What is Map/Filter/Reduce?
Map/Filter/Reduce is a high-level design pattern that simplifies the implementation of functions that operate over sequences (any datatype that has an iterator) making use of functional programming. This paradigm enables the programmer to treat sequences as a unit, making it possible to get rid of the entire control flow (no need of for or if statements).
How to use it
There are three basic functional operators: Map, Filter and Reduce. We will look over them one at a time and then see how they work together.
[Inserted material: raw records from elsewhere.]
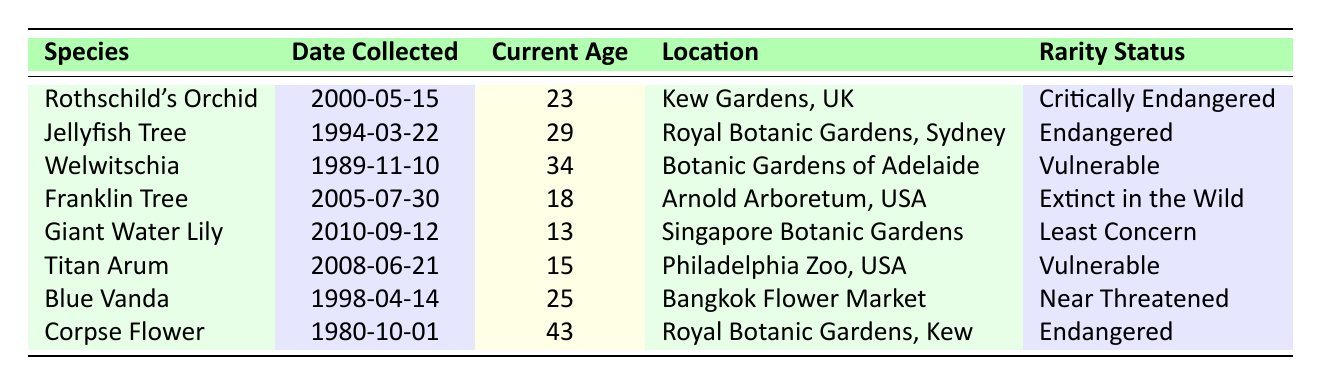What is the current age of Rothschild's Orchid? The table lists the current age of Rothschild's Orchid as 23.
Answer: 23 How many rare plant species are located in Australia? There are three species listed in the table that are collected in Australia: Jellyfish Tree, Welwitschia, and Titan Arum.
Answer: 3 What is the sum of the current ages of all plants listed in the table? Adding up the current ages: 23 + 29 + 34 + 18 + 13 + 15 + 25 + 43 equals  230.
Answer: 230 Is the Franklin Tree considered critically endangered? The table indicates that the Franklin Tree is listed as "Extinct in the Wild," therefore it is not critically endangered.
Answer: No Which plant species has the highest current age, and what is that age? Reviewing the ages, Corpse Flower has the highest age at 43.
Answer: Corpse Flower, 43 What is the average age of the endangered plants in the table? The endangered plants are Jellyfish Tree (29), Corpse Flower (43), and Franklin Tree (18). Summing these ages gives 90, and dividing by the number of plants (3) yields an average of 30.
Answer: 30 Are there any plants collected after the year 2000 in the table? The table shows Rothschild's Orchid (2000), Giant Water Lily (2010), and Titan Arum (2008) were collected after 2000, confirming there are plants collected after this year.
Answer: Yes What is the location of the Welwitschia plant? The table states that Welwitschia is located in Botanic Gardens of Adelaide, Australia.
Answer: Botanic Gardens of Adelaide, Australia What is the rarity status of the Giant Water Lily? According to the table, the rarity status of the Giant Water Lily is listed as "Least Concern."
Answer: Least Concern 
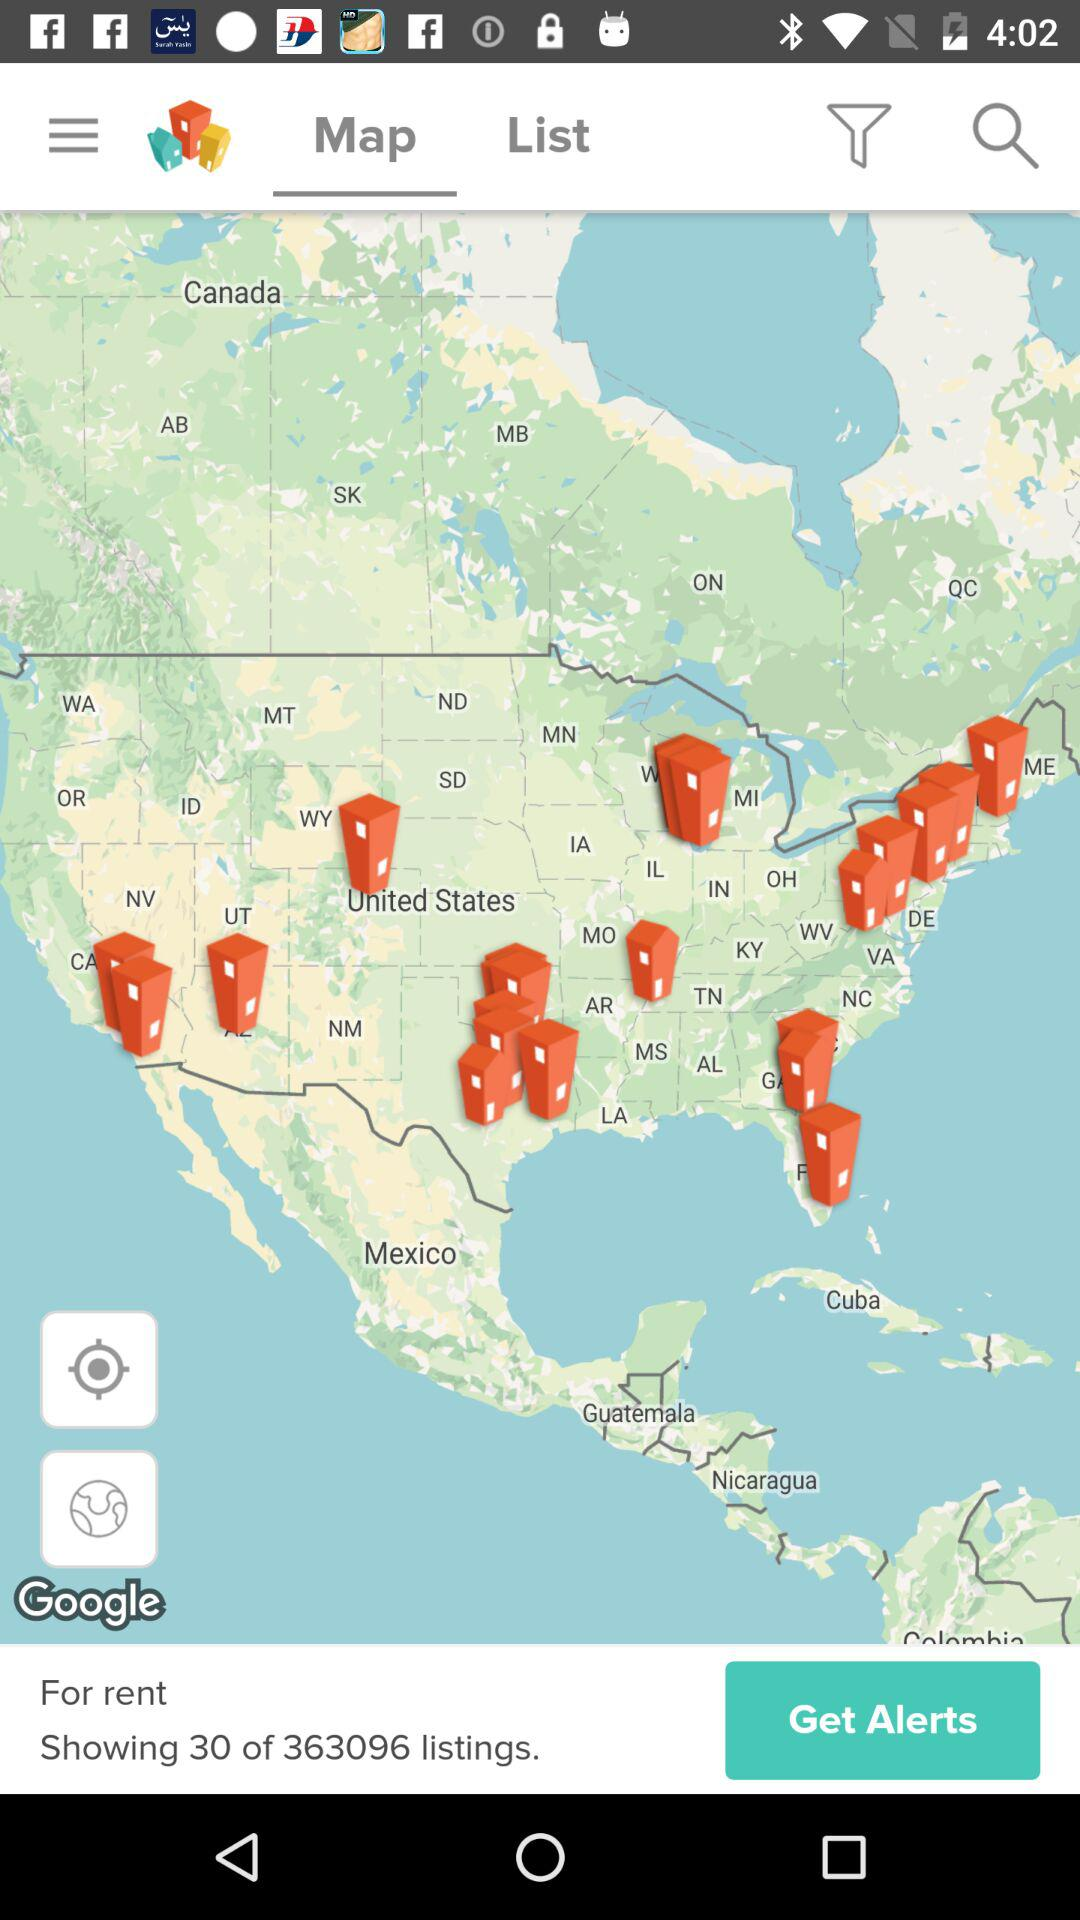Which tab am I on? You are on the "Map" tab. 
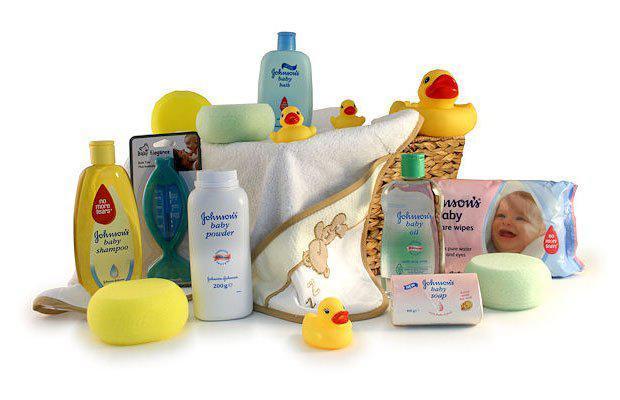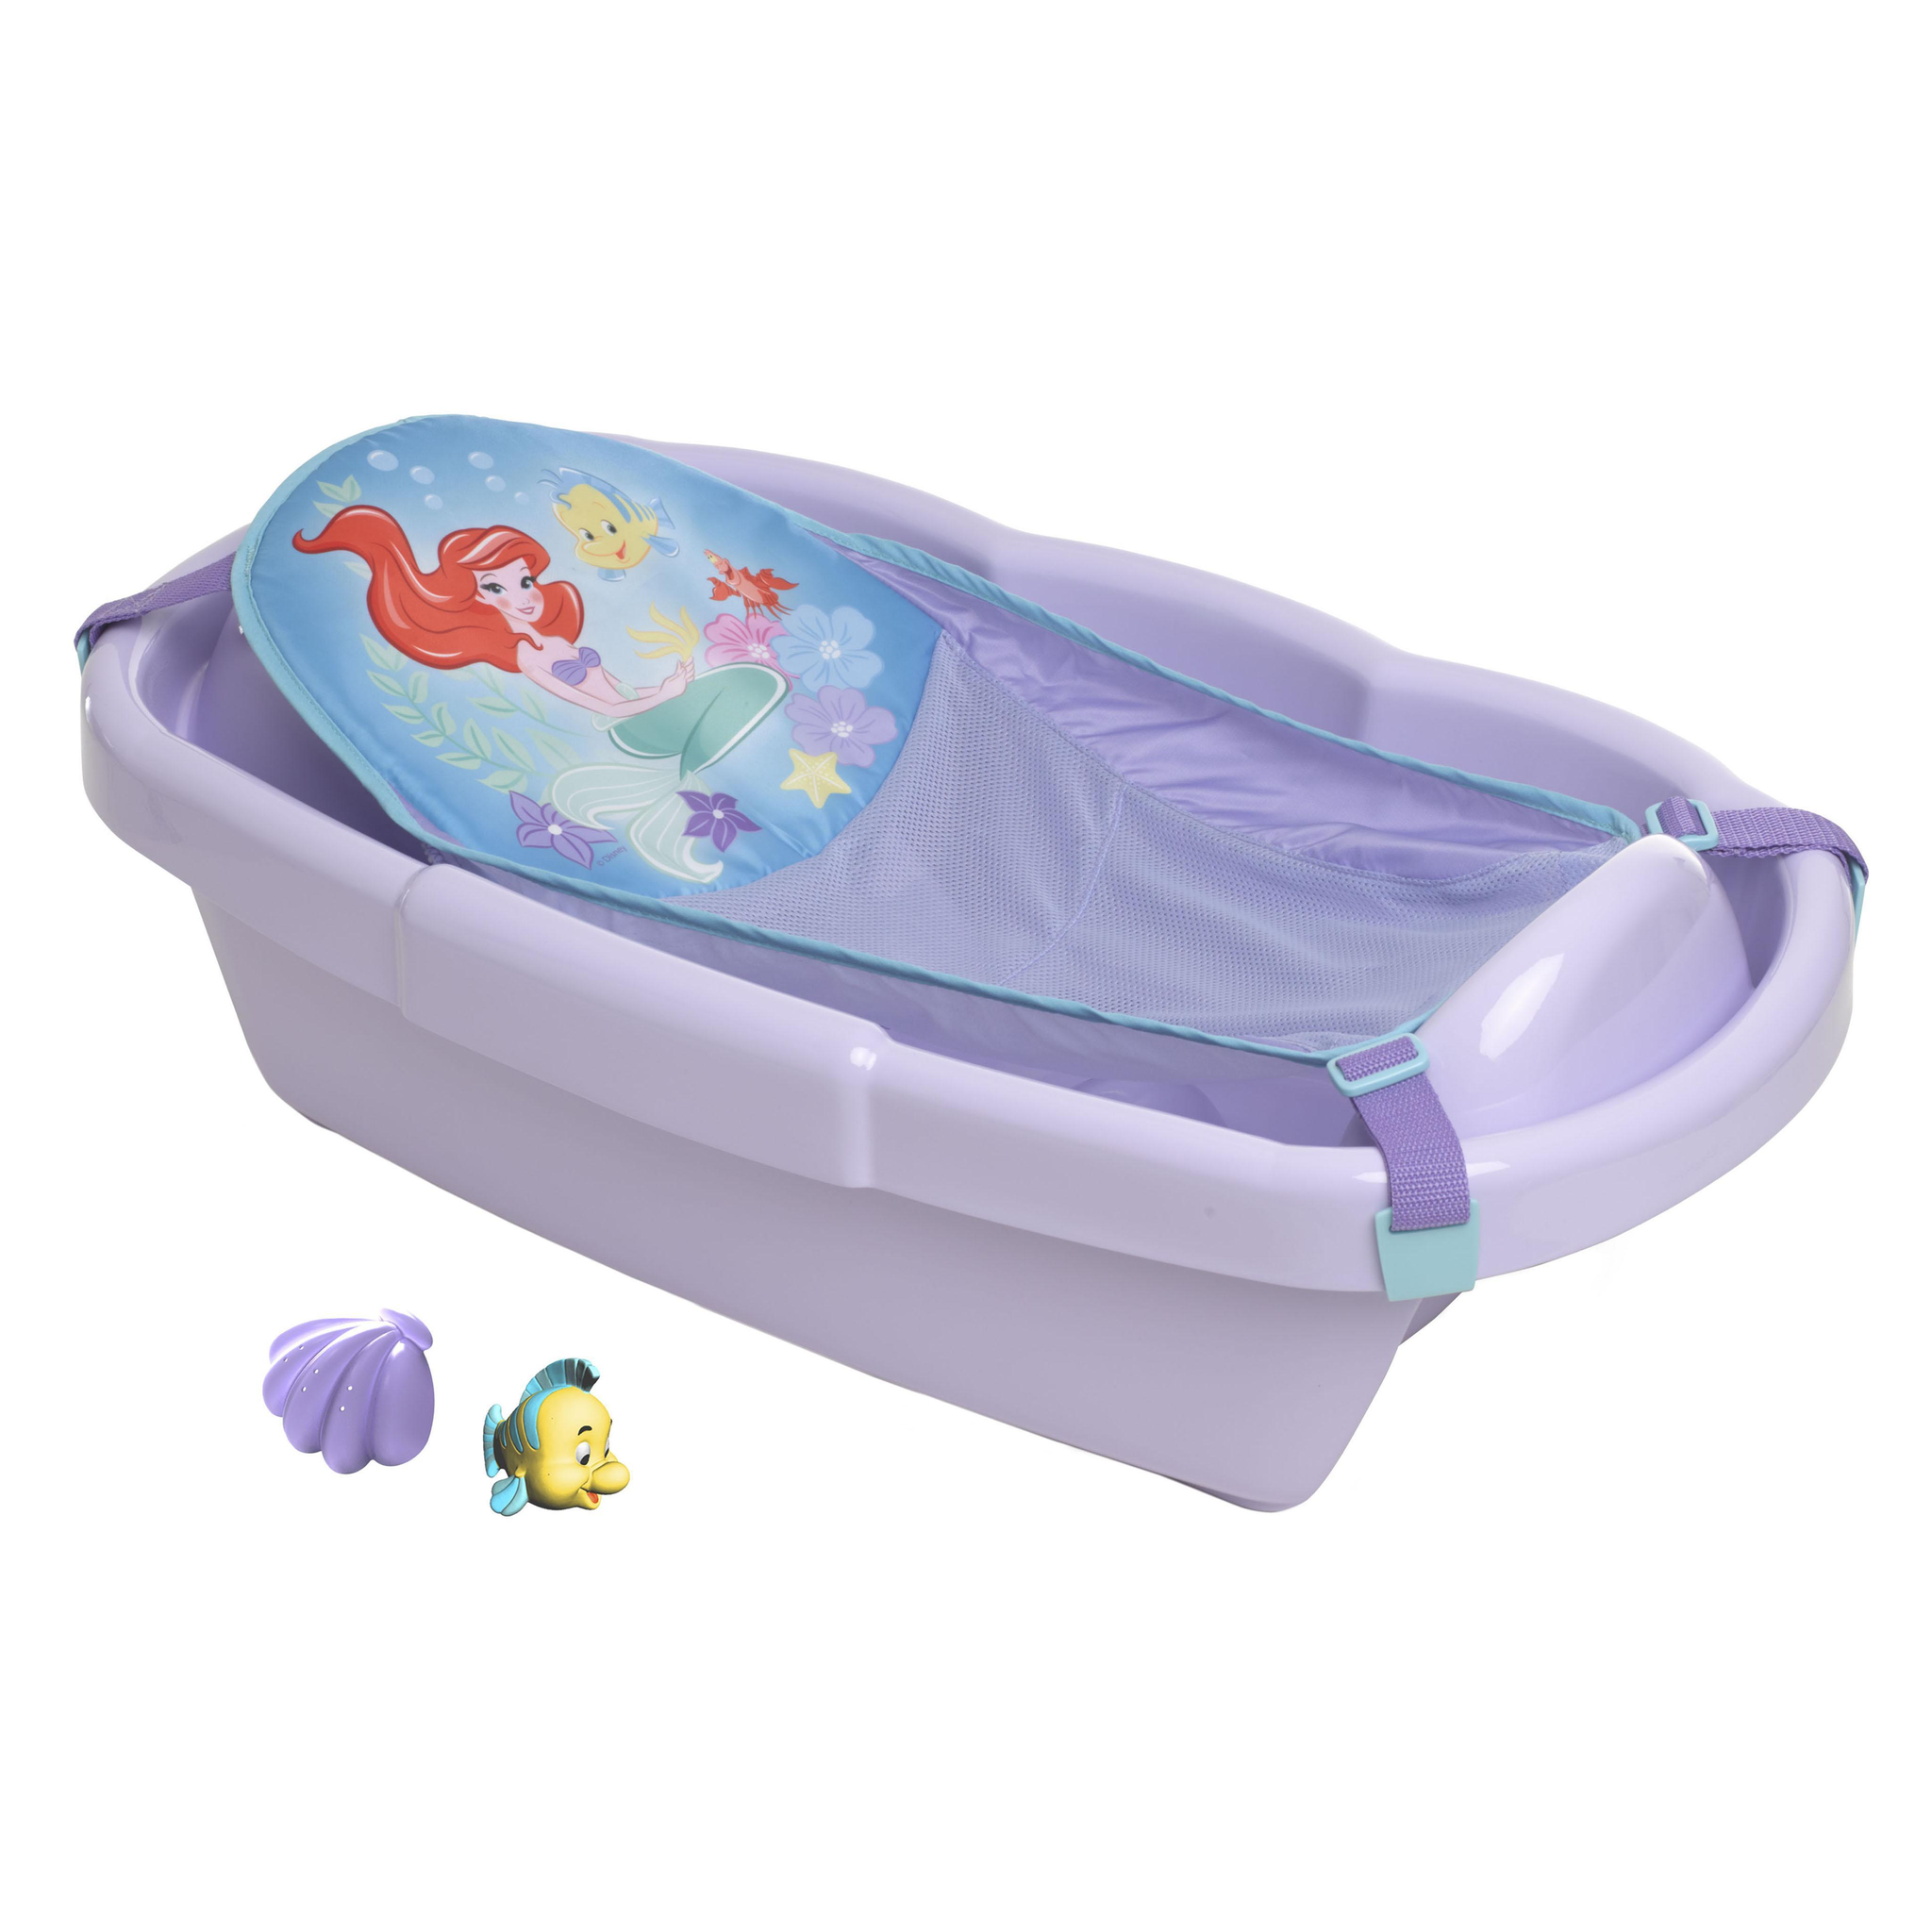The first image is the image on the left, the second image is the image on the right. Examine the images to the left and right. Is the description "Each image includes at least one row of folded cloth items, and one image features a package of eight rolled towels." accurate? Answer yes or no. No. The first image is the image on the left, the second image is the image on the right. For the images shown, is this caption "There are exactly eight rolled towels." true? Answer yes or no. No. 
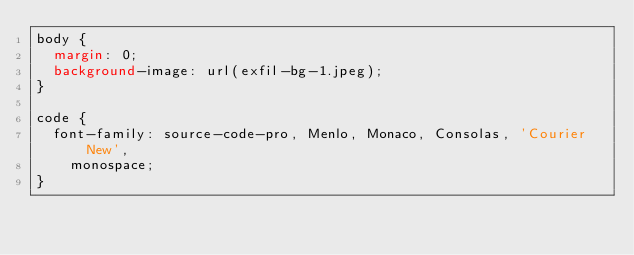Convert code to text. <code><loc_0><loc_0><loc_500><loc_500><_CSS_>body {
  margin: 0;
  background-image: url(exfil-bg-1.jpeg);
}

code {
  font-family: source-code-pro, Menlo, Monaco, Consolas, 'Courier New',
    monospace;
}
</code> 
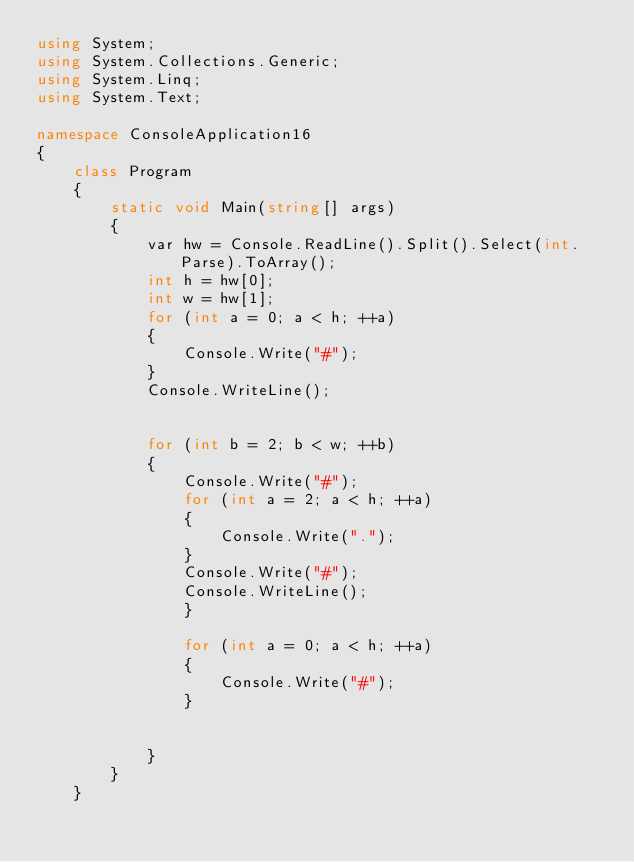Convert code to text. <code><loc_0><loc_0><loc_500><loc_500><_C#_>using System;
using System.Collections.Generic;
using System.Linq;
using System.Text;

namespace ConsoleApplication16
{
    class Program
    {
        static void Main(string[] args)
        {
            var hw = Console.ReadLine().Split().Select(int.Parse).ToArray();
            int h = hw[0];
            int w = hw[1];
            for (int a = 0; a < h; ++a)
            {
                Console.Write("#");
            }
            Console.WriteLine();
            

            for (int b = 2; b < w; ++b)
            {
                Console.Write("#");
                for (int a = 2; a < h; ++a)
                {
                    Console.Write(".");
                }
                Console.Write("#");
                Console.WriteLine();
                }

                for (int a = 0; a < h; ++a)
                {
                    Console.Write("#");
                }


            }
        }
    }</code> 
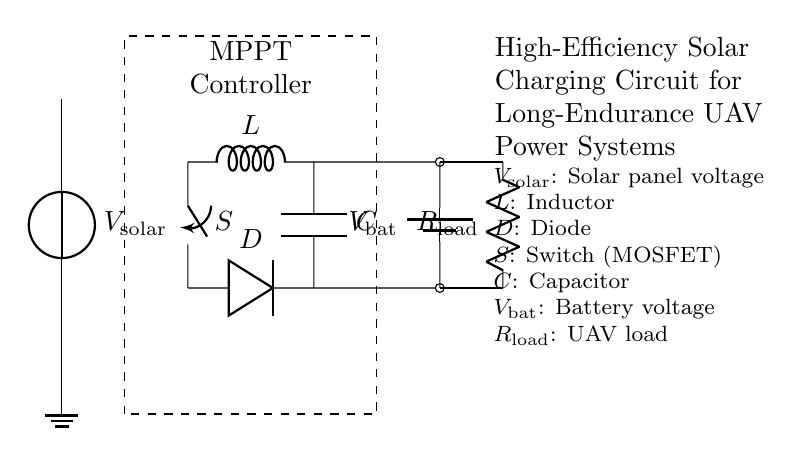What is the type of controller used in the circuit? The circuit uses a Maximum Power Point Tracking controller, which is indicated by the label "MPPT Controller" inside a dashed rectangle. This type of controller optimizes the power output from the solar panel.
Answer: MPPT Controller What component is represented by "V_bat"? The "V_bat" represents the battery in the circuit diagram, which is indicated by its label next to the symbol for a battery.
Answer: Battery How many inductors are in the circuit? There is one inductor in the circuit, which is identified by the label "L" next to the inductor symbol.
Answer: One What is the role of the switch labeled "S"? The switch labeled "S" is a MOSFET switch that controls the flow of current in the circuit by opening and closing the path to the inductor. This helps regulate the output voltage to the battery and load.
Answer: MOSFET switch What component regulates the solar panel voltage? The component that regulates the solar panel voltage is the Maximum Power Point Tracking controller, which adjusts the output voltage to ensure optimal power is harvested from the solar panel under varying conditions.
Answer: MPPT Controller If the load resistance is denoted as "R_load", what type of component is it? "R_load" is represented by the symbol for a resistor in the circuit diagram, denoting that it is a passive electrical component that limits current flow.
Answer: Resistor

Map is a high-order function that applies a given function to each element of a sequence, returning a sequence of results in the same order. It can be formally defined as follows:
map : (E → F) × Seq<E> → Seq<F>
Two simple examples in Python:
>>> from math import sqrt >>> map(sqrt, [1, 16, 49]) [1.0, 4.0, 7.0] >>> map(str, [1, 2]) ['1', '2']
The map function takes two arguments: a reference to a function using its name, and a sequence. Let’s focus on the function reference. In Python, functions are first-class. T, this means that they can be assigned to variables, passed as parameters, be returned by other functions and be stored in data structures. In the above example, built-in functions were used, but it is possible to use any function defined by the programmer with the def keyword. For example:
>>> def inc(x): ... return x+1
As in the previous example, that function may be referenced by its name.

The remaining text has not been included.